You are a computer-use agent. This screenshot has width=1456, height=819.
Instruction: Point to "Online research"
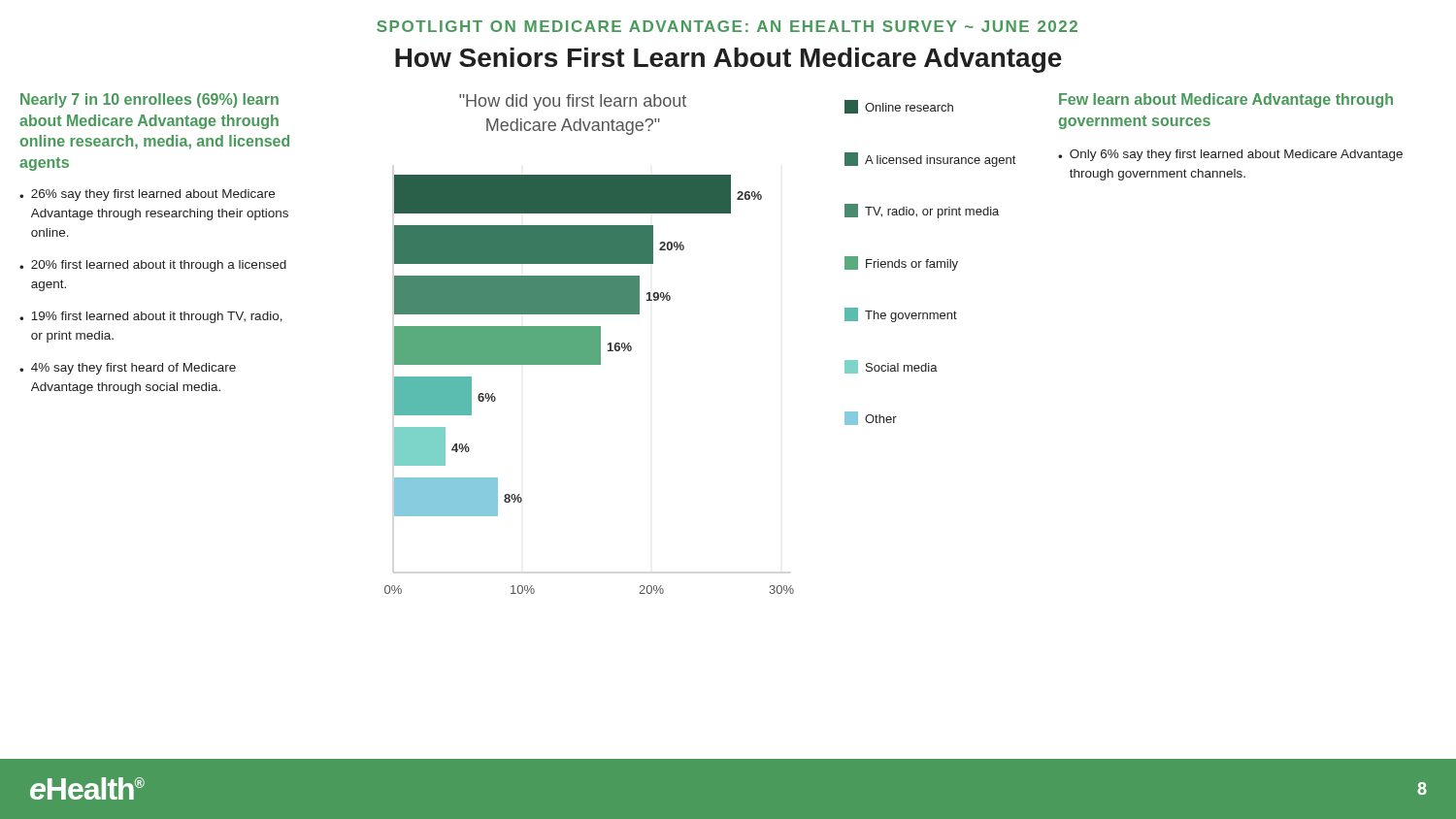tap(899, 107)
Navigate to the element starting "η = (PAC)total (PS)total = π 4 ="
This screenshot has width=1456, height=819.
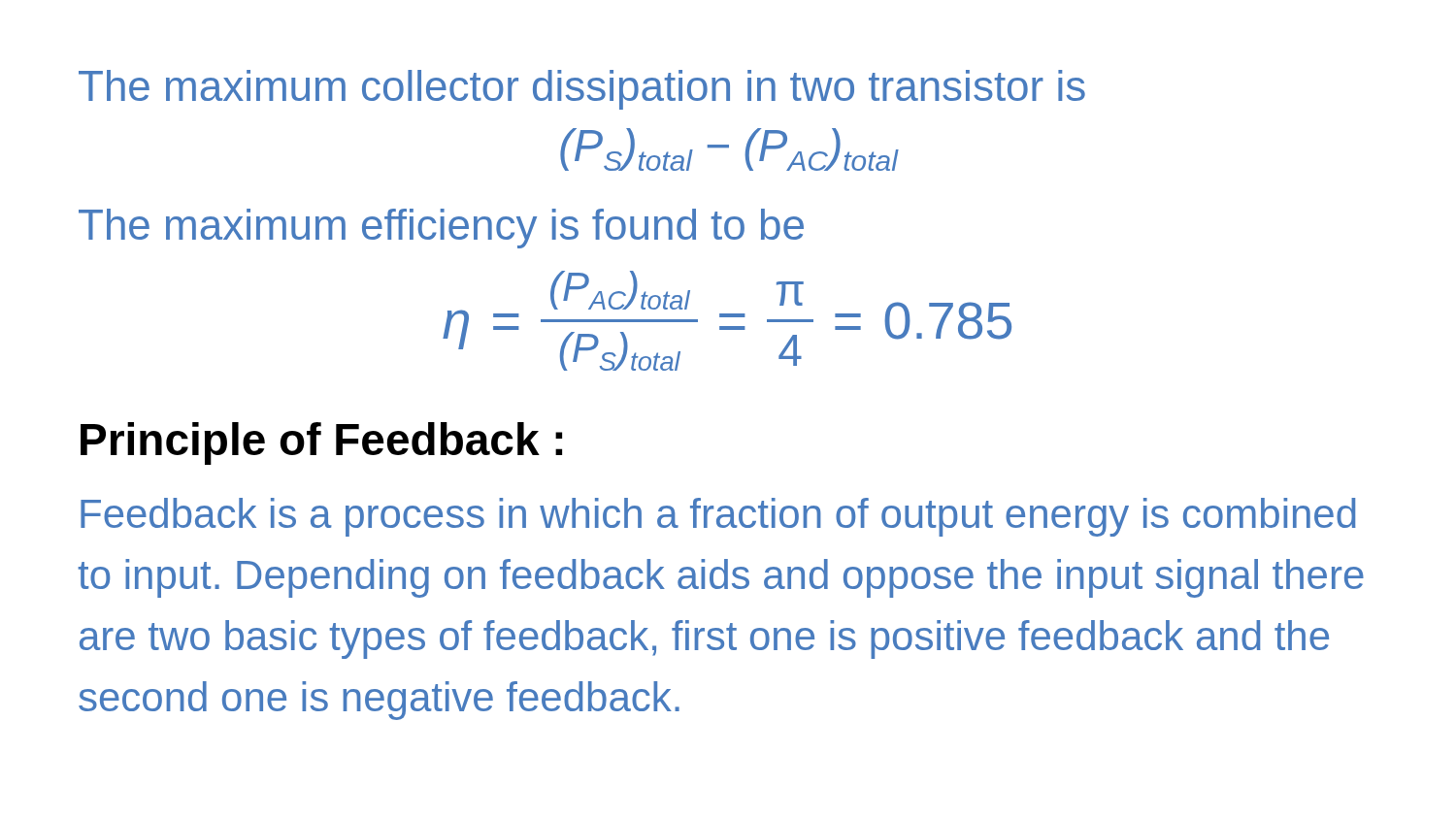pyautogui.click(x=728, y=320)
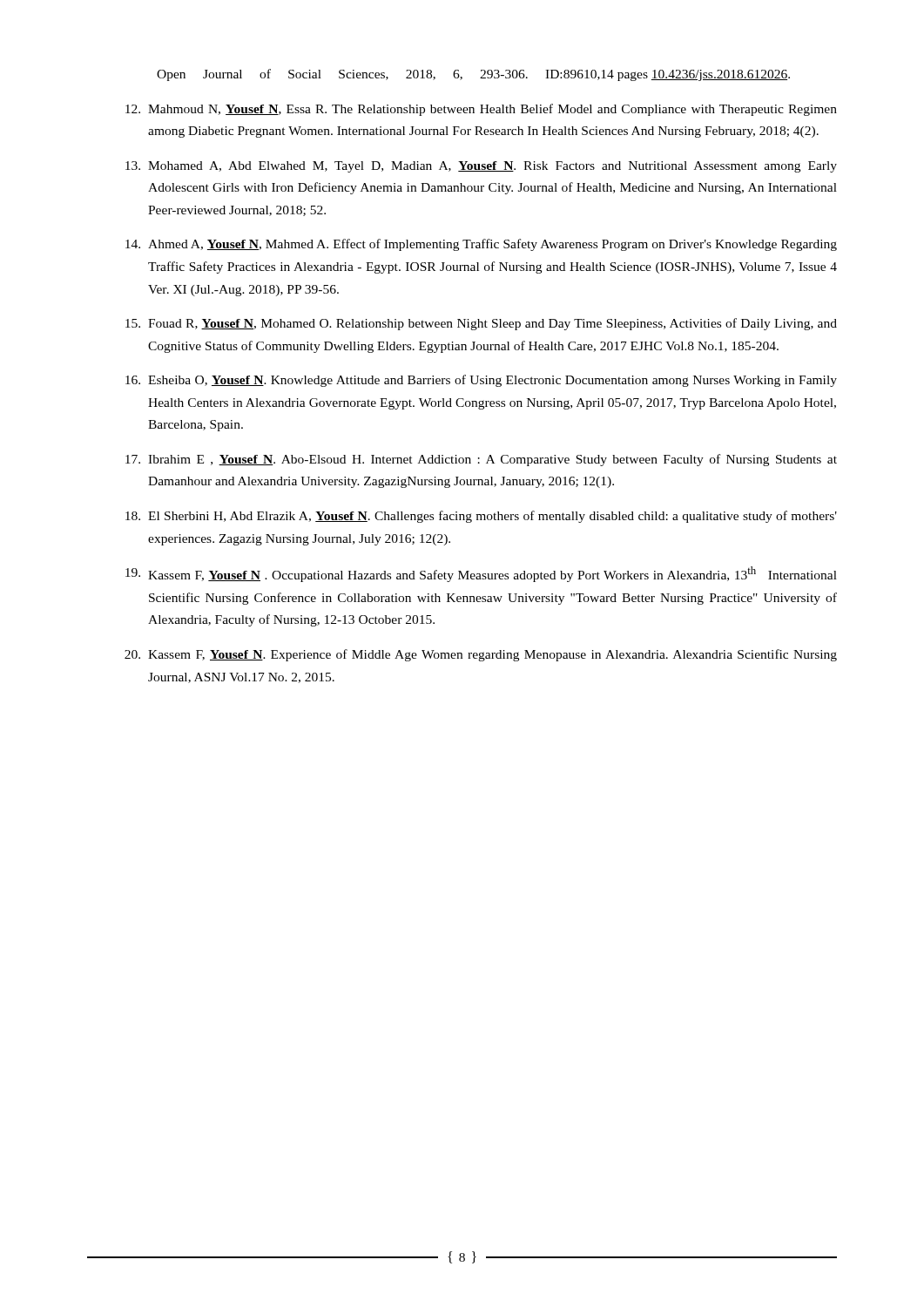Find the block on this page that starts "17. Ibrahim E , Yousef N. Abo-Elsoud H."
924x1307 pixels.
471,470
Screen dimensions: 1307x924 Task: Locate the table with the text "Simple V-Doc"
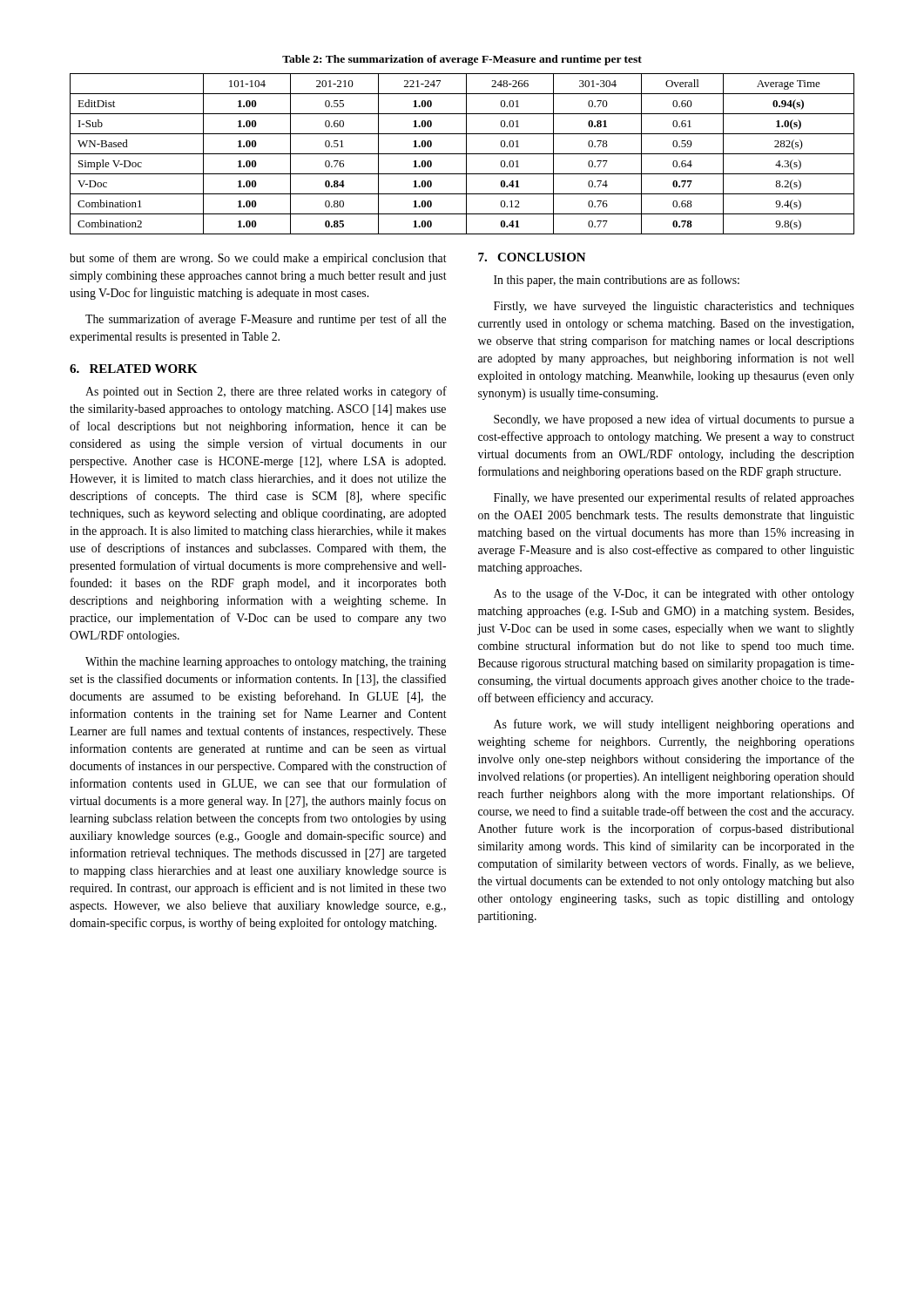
=-=-=
WHAT YOU NEED TO DO:
In the copy, leave out the pictures and restate the records exactly.

WRITTEN ANSWER:
You are a computer-use agent. This screenshot has width=1456, height=819.
Instruction: Point to "Online research"
tap(899, 107)
Navigate to the element starting "η = (PAC)total (PS)total = π 4 ="
This screenshot has width=1456, height=819.
pyautogui.click(x=728, y=320)
Find the block on this page that starts "17. Ibrahim E , Yousef N. Abo-Elsoud H."
924x1307 pixels.
471,470
Screen dimensions: 1307x924 Task: Locate the table with the text "Simple V-Doc"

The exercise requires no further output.